Just south of downtown lies Fountain Square. While Indianapolis has six cultural and arts districts, perhaps no neighborhood better suits those with an artistic flair than Fountain Square. With artists from every corner of the world converging in this neighborhood, you can be sure to find local restaurants serving everything from Greek and Peruvian to English and Asian cuisine. After a great meal, the best way to top off a Fountain Square night is a round of Duckpin Bowling. Fountain Square is the only place in the Midwest where you can find this unique form of bowling. If that’s not insta-worthy, what is? Don’t forget to take in the live music of Fountain Square. Every 3rd Friday between May and September live music shows are held on the plaza. With this variety and style, Fountain Square may just be Indiana’s own Williamsburg.

 

Old Northside in Indianapolis

Old Northside

Contrary to popular belief, not all millennials prefer apartments. If you can afford it, the historic homes and tree-lined streets of residential Old Northside may be the perfect place to stretch your legs. In the 19th century, this neighborhood was home to the elite of Indianapolis society. Most famously, 23rd President Benjamin Harrison lived in the neighborhood and his home is now a National Historic Landmark. While the neighborhood fell on hard times in the 20th Century, it’s up and coming with a recent gain in popularity. Despite its antiquated homes, the Old Northside is a progressive neighborhood. The neighborhood is LGBTQ friendly and home to Indy’s first gay bar, Greg’s Place. If you’re looking for more space, a touch of history, and enjoy progressive culture, there’s no place better than Old Northside.

 

Architectual house in Meridian Kessler, Indianapolis

Meridian-Kessler

Often, trendy neighborhoods face criticism for becoming gentrified. Critics believe these areas should maintain cultural and socioeconomic diversity. Meridian-Kessler is one neighborhood that is authentically diverse in a number of ways. Mansions and multi-family apartment buildings share turf here. While some streets offer a more suburban feel, others contain trendy shops and chic eateries. One of the best restaurants in the neighborhood is Open Society Public House which features an eclectic South American menu along with a 300 bottle wine list.  For sports fans, the neighborhood is conveniently located next to Butler University and the famous Hinkle Fieldhouse. With a median age of 32, and plenty of places to live, work, and play, Meridan-Kessler is a perfect fit for millennials.

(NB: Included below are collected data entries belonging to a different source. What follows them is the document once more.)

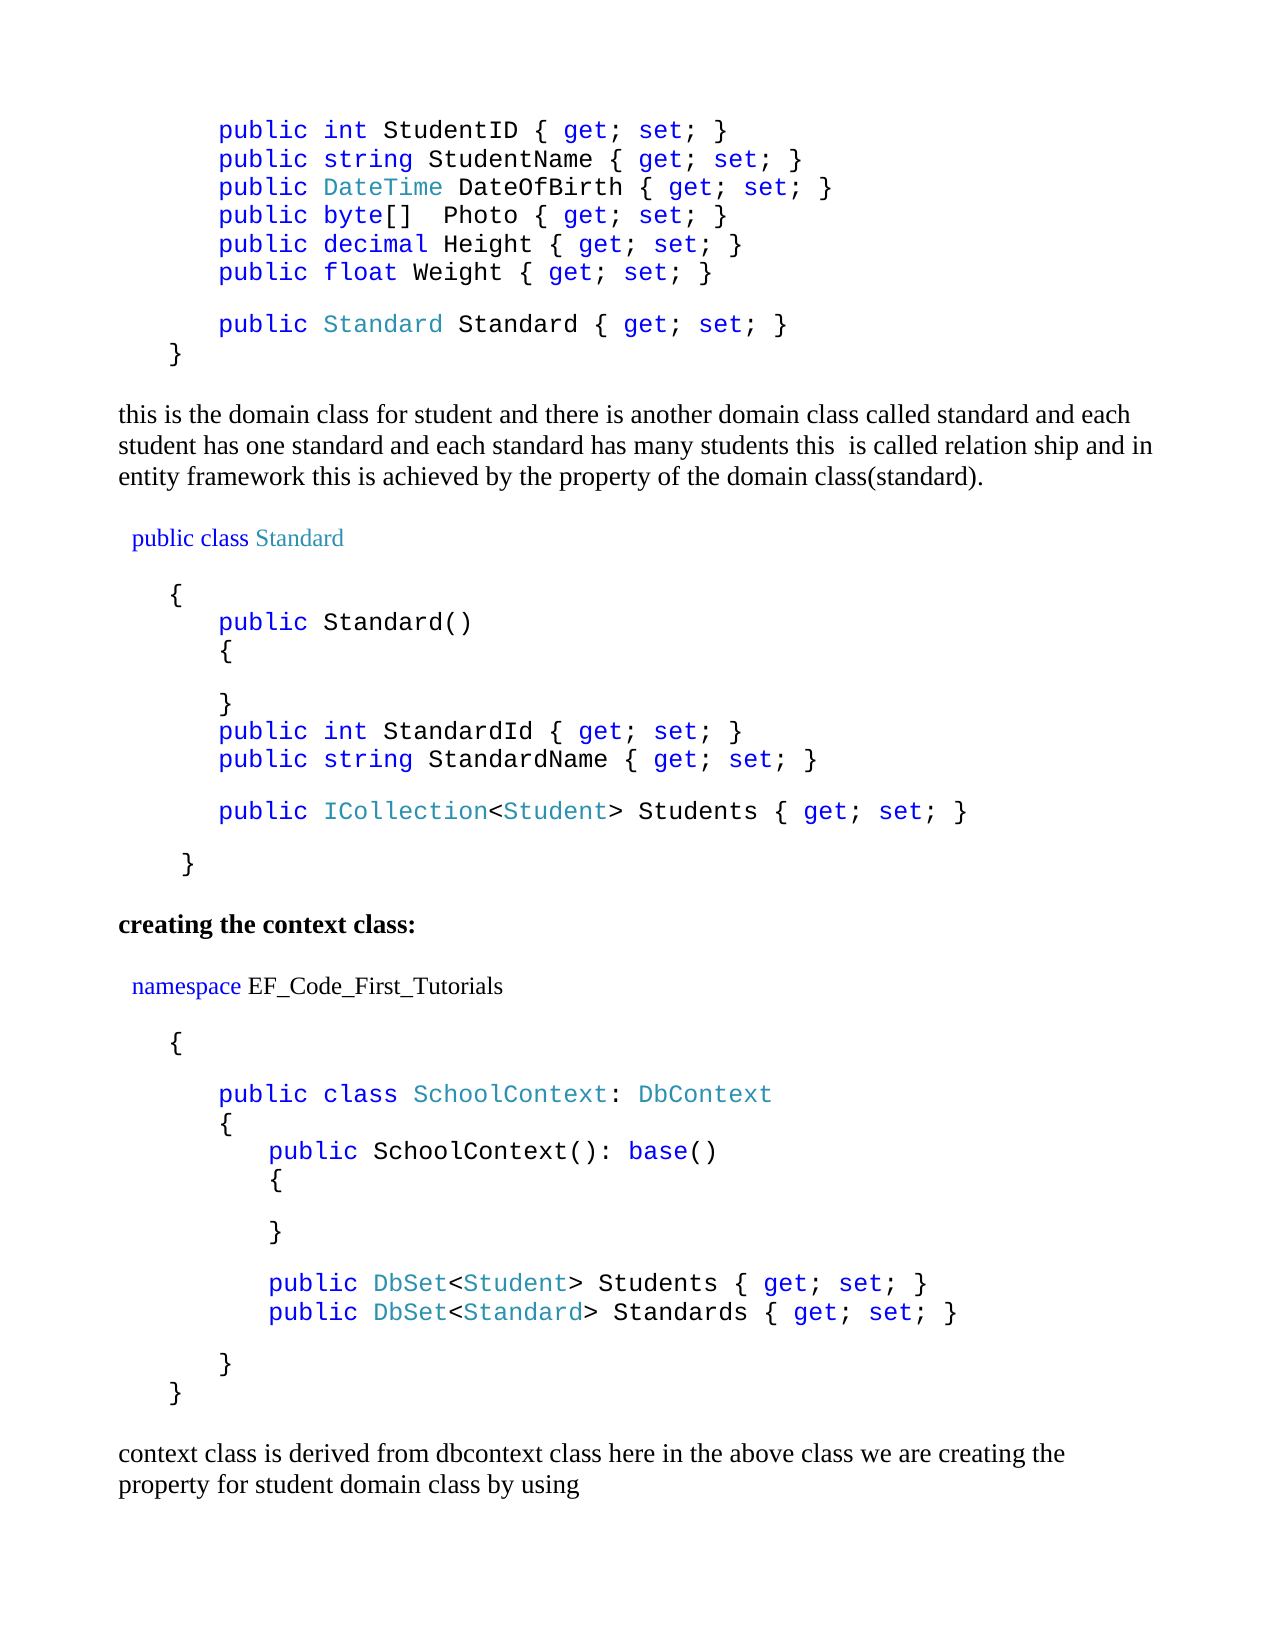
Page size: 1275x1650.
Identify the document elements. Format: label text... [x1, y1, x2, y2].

text namespace EF_Code_First_Tutorials [118, 969, 1157, 1000]
text { [118, 1167, 1157, 1195]
text public Standard Standard { get; set; } [118, 312, 1157, 340]
text public class SchoolContext: DbContext [118, 1082, 1157, 1110]
text public string StandardName { get; set; } [118, 747, 1157, 775]
text public ICollection<Student> Students { get; set; } [118, 799, 1157, 827]
text this is the domain class for student and there is another domain class called standard and each student has one standard and each standard has many students this is called relation ship and in entity framework this is achieved by the property of the domain class(standard). [118, 398, 1157, 491]
text public decimal Height { get; set; } [118, 231, 1157, 260]
text { [118, 581, 1157, 610]
text { [118, 1030, 1157, 1058]
text public SchoolContext(): base() [118, 1138, 1157, 1167]
text public DbSet<Standard> Standards { get; set; } [118, 1299, 1157, 1327]
text } [118, 1219, 1157, 1247]
text { [118, 638, 1157, 666]
text } [118, 690, 1157, 718]
text public byte[] Photo { get; set; } [118, 203, 1157, 231]
text public int StudentID { get; set; } [118, 118, 1157, 146]
text public DateTime DateOfBirth { get; set; } [118, 175, 1157, 203]
text } [118, 1379, 1157, 1408]
text } [118, 1351, 1157, 1379]
text } [118, 851, 1157, 879]
text context class is derived from dbcontext class here in the above class we are creating the property for student domain class by using [118, 1437, 1157, 1499]
text public float Weight { get; set; } [118, 260, 1157, 288]
text public DbSet<Student> Students { get; set; } [118, 1271, 1157, 1299]
text public string StudentName { get; set; } [118, 146, 1157, 175]
text public Standard() [118, 610, 1157, 638]
text creating the context class: [118, 908, 1157, 940]
text } [118, 340, 1157, 368]
text { [118, 1110, 1157, 1138]
text public class Standard [118, 521, 1157, 552]
text public int StandardId { get; set; } [118, 718, 1157, 747]

Indianapolis may be flying under the millennial radar for now, but the 12th largest city in the United States has plenty to offer. Multiple neighborhoods feature a bevy of dining and entertainment options for every taste. Bonus points go to the city for a lower cost of living than the likes of New York or San Francisco. You may not have thought about it before, but there’s no time better than now for Millennials to move to Indianapolis!